In connection with the Placement, Joh. Berenberg, Gossler & Co. KG, Morgan Stanley Bank AG and J.P Morgan Securities plc (the "Joint Bookrunners") and any of their affiliates, acting as investors for their own accounts, may subscribe for or purchase securities of Rocket Internet AG and may otherwise deal for their own accounts. Accordingly, references to the securities being issued or sold should be read as including any issue, offer or sale to the Joint Bookrunners and any of their affiliates acting as investors for their own accounts. In addition the Joint Bookrunners or their respective affiliates may enter into financing arrangements and swaps with investors in connection with which the Joint Bookrunners (or their affiliates) may from time to time acquire, hold or dispose of Rocket Internet AG's shares. The Joint Bookrunners do not intend to disclose the extent of any such investment or transactions otherwise than in accordance with any legal or regulatory obligations to do so.

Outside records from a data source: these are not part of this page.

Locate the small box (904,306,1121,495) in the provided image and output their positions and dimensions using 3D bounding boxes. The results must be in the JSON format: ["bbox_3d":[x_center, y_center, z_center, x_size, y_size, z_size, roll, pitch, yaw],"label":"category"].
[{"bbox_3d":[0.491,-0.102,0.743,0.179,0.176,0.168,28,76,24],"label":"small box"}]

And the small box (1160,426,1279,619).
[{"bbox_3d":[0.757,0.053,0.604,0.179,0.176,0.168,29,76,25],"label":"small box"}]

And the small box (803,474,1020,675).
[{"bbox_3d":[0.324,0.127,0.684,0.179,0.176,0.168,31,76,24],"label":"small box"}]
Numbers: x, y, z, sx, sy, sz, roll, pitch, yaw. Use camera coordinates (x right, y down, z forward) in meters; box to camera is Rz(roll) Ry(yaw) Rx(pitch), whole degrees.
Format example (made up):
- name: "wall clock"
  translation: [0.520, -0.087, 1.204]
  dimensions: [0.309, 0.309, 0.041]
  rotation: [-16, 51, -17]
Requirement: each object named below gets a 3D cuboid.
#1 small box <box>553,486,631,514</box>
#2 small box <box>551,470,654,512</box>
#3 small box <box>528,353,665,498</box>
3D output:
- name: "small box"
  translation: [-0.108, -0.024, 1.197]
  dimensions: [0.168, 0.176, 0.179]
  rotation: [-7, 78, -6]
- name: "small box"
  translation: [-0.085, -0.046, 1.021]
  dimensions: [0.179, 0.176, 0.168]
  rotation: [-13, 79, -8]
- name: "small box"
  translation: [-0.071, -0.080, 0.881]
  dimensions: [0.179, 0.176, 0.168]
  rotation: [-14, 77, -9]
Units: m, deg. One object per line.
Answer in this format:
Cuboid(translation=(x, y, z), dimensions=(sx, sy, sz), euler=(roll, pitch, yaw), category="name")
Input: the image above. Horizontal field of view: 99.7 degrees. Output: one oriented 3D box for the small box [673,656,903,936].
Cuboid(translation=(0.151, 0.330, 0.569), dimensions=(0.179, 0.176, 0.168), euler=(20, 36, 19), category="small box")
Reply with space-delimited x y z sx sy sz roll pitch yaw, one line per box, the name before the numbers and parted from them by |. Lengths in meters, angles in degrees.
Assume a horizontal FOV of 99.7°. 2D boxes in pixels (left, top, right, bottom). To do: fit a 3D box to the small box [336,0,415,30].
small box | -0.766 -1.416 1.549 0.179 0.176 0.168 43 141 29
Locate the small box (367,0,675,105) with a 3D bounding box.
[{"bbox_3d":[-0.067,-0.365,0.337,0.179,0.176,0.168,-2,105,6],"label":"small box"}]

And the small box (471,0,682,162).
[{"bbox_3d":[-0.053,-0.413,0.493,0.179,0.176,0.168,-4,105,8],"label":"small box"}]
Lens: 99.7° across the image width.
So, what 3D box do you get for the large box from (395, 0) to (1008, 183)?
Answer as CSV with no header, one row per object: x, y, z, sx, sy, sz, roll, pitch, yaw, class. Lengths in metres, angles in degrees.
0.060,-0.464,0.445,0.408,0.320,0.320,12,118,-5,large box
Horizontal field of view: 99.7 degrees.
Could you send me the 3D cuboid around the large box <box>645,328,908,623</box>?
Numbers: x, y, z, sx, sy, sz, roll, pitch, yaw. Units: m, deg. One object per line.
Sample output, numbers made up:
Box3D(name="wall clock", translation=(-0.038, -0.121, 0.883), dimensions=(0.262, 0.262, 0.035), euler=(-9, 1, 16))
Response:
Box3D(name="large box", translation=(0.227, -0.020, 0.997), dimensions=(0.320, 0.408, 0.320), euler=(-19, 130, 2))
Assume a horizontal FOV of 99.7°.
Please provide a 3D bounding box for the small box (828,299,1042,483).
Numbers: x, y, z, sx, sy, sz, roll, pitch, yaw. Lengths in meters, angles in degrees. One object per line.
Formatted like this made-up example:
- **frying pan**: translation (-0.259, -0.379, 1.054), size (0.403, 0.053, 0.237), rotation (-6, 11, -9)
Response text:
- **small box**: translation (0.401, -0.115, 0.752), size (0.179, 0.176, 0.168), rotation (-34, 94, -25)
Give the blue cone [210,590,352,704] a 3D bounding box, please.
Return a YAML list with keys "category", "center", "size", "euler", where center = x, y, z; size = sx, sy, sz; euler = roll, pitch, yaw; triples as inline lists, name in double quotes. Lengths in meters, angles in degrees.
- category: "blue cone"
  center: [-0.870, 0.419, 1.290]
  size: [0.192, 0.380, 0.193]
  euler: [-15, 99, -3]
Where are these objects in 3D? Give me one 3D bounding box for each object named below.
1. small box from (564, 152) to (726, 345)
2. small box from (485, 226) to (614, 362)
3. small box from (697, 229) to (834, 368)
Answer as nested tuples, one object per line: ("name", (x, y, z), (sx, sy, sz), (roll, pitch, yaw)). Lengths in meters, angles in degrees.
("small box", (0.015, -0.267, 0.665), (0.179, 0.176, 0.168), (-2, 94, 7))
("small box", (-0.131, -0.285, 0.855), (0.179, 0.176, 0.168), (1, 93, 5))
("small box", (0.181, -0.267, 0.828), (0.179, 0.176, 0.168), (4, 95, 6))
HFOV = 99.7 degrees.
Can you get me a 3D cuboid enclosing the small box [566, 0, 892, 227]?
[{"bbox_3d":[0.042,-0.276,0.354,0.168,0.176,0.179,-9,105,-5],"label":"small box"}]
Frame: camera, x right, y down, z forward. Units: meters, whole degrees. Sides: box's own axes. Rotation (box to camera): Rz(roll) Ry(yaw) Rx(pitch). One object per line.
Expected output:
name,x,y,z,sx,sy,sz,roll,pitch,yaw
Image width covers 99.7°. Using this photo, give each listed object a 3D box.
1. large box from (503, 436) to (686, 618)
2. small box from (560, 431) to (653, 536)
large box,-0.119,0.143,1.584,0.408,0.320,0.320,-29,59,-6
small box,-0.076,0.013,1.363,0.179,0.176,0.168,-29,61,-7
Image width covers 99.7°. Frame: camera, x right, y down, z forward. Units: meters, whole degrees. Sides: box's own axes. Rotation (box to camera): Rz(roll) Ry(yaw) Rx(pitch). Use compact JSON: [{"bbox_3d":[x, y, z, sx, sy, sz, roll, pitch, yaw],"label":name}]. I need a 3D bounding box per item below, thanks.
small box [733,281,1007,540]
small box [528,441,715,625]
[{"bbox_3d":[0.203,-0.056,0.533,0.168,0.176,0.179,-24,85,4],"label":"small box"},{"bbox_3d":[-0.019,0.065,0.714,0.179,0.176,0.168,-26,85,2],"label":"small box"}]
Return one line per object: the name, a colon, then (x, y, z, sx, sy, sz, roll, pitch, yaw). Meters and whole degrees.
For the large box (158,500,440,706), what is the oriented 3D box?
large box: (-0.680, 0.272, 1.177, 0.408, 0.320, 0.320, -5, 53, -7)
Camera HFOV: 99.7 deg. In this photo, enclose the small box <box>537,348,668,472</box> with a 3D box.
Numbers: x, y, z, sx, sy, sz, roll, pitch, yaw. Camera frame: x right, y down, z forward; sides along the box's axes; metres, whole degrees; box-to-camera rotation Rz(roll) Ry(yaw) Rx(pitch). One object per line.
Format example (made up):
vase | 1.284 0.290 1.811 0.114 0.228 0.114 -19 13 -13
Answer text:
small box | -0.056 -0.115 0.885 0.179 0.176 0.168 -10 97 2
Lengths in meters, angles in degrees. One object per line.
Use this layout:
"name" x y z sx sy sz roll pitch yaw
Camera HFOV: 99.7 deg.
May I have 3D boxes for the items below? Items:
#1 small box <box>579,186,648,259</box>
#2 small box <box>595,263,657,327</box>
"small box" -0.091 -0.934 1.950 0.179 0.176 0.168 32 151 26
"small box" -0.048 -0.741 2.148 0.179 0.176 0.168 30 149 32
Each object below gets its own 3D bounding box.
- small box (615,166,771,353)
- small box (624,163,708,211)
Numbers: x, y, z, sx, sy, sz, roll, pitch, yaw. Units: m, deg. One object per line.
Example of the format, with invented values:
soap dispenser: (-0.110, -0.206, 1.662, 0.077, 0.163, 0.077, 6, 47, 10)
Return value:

Each of the Joint Bookrunners and any of their respective affiliates may have engaged in transactions with, and provided various investment banking, financial advisory and other services for, Rocket Internet AG for which they would have received customary fees. Each of the Joint Bookrunners and any of their respective affiliates may provide such services to Rocket Internet AG and any of its affiliates in the future.
The Joint Bookrunners are acting exclusively for Rocket and no-one else. They will not regard any other person as their respective clients and will not be responsible to anyone other than Rocket for providing the protections afforded to their respective clients, nor for providing advice in relation to the contents of this announcement or any transaction, arrangement or other matter referred to herein.
None of the Joint Bookrunners or any of their respective directors, employees, advisers or agents accepts any responsibility or liability whatsoever for/or makes any representation or warranty, expressed or implied, as to the truth, accuracy or completeness of the information in this announcement (or whether any information has been omitted from the announcement) or any other information relating to Rocket, its subsidiaries or associated companies, whether written, oral or in a visual or electronic form, and howsoever transmitted or made available for any loss howsoever arising from any use of the announcement or its contents or otherwise arising in connection therewith.